• **HOW TO COMPLETE THIS TASK**: The entries below contain a line with "2. rack shelf <box>846,318,1065,517</box>" and a line with "5. rack frame <box>943,32,1071,509</box>". Quote exactly those two lines and all lines between them.

------ DATA PROVIDED

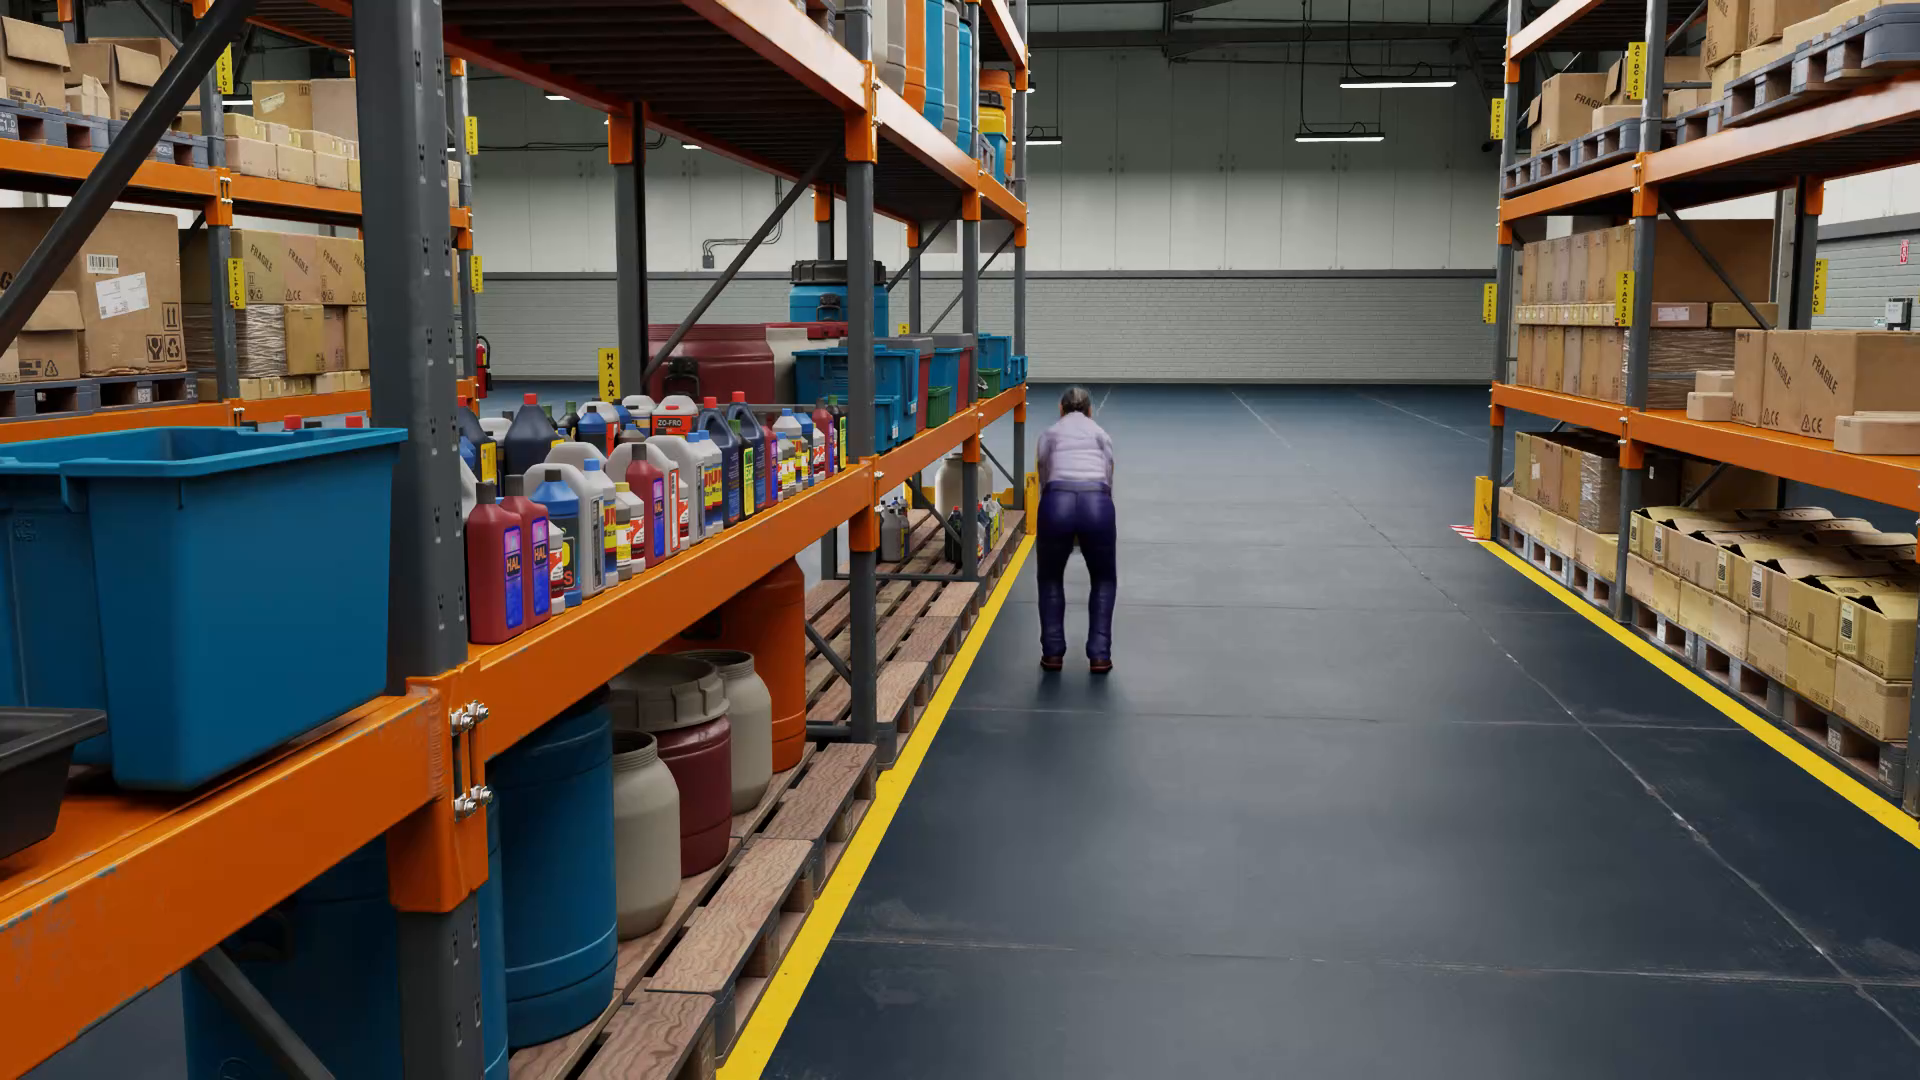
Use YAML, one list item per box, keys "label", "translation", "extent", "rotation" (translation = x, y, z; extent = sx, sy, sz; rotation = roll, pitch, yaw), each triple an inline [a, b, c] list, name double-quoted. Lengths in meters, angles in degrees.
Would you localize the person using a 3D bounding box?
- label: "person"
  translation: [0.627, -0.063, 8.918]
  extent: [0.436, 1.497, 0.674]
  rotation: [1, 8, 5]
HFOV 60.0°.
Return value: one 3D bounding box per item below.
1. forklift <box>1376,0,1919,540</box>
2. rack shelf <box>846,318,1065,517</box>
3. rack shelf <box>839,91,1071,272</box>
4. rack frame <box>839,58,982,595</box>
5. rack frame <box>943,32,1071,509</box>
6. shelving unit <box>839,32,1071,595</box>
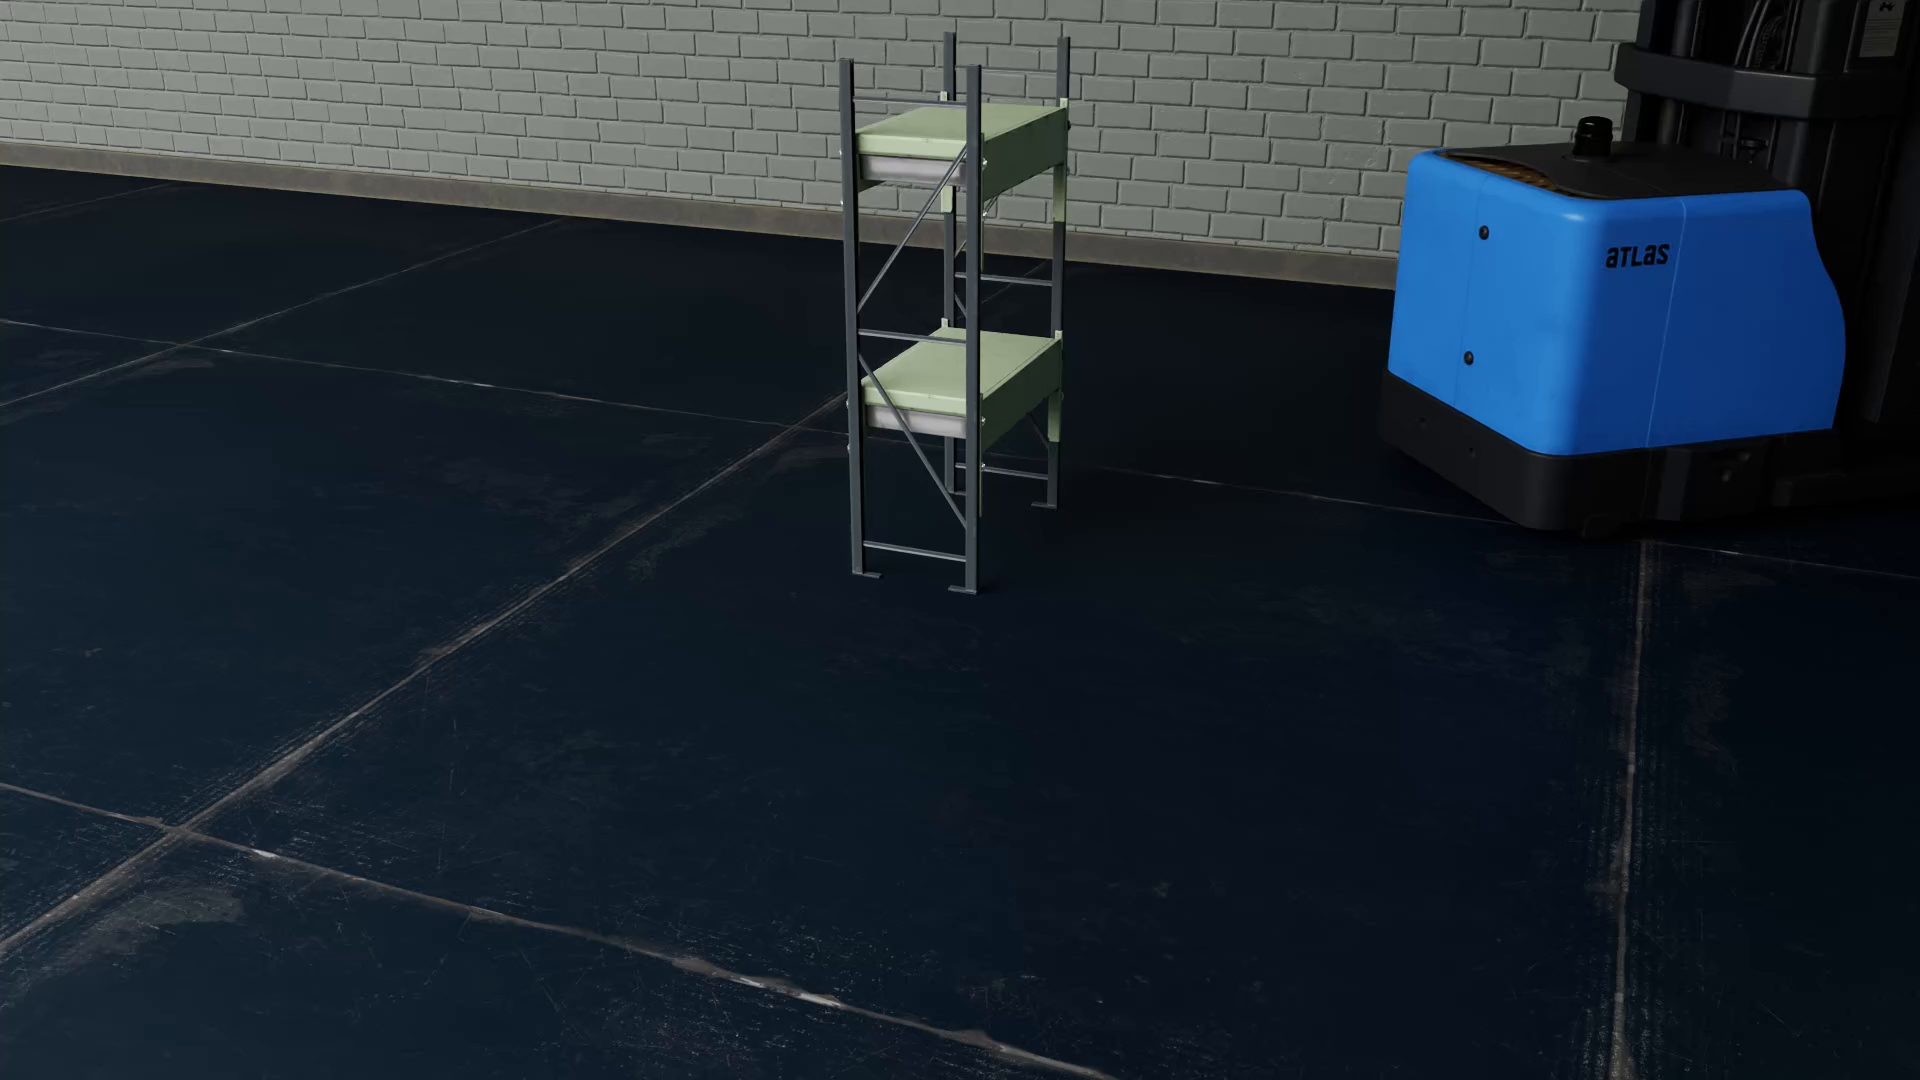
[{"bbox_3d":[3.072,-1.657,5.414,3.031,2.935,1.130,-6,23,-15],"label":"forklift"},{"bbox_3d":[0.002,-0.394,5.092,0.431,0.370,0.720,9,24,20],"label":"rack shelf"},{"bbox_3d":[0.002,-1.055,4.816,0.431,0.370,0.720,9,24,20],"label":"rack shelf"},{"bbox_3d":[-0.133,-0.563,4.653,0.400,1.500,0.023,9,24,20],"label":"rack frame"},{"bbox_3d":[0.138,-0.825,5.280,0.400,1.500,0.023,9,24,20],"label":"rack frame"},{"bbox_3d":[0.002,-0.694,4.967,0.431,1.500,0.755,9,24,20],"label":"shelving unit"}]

------------

• **RESPONSE FOR THIS EXERCISE**:
2. rack shelf <box>846,318,1065,517</box>
3. rack shelf <box>839,91,1071,272</box>
4. rack frame <box>839,58,982,595</box>
5. rack frame <box>943,32,1071,509</box>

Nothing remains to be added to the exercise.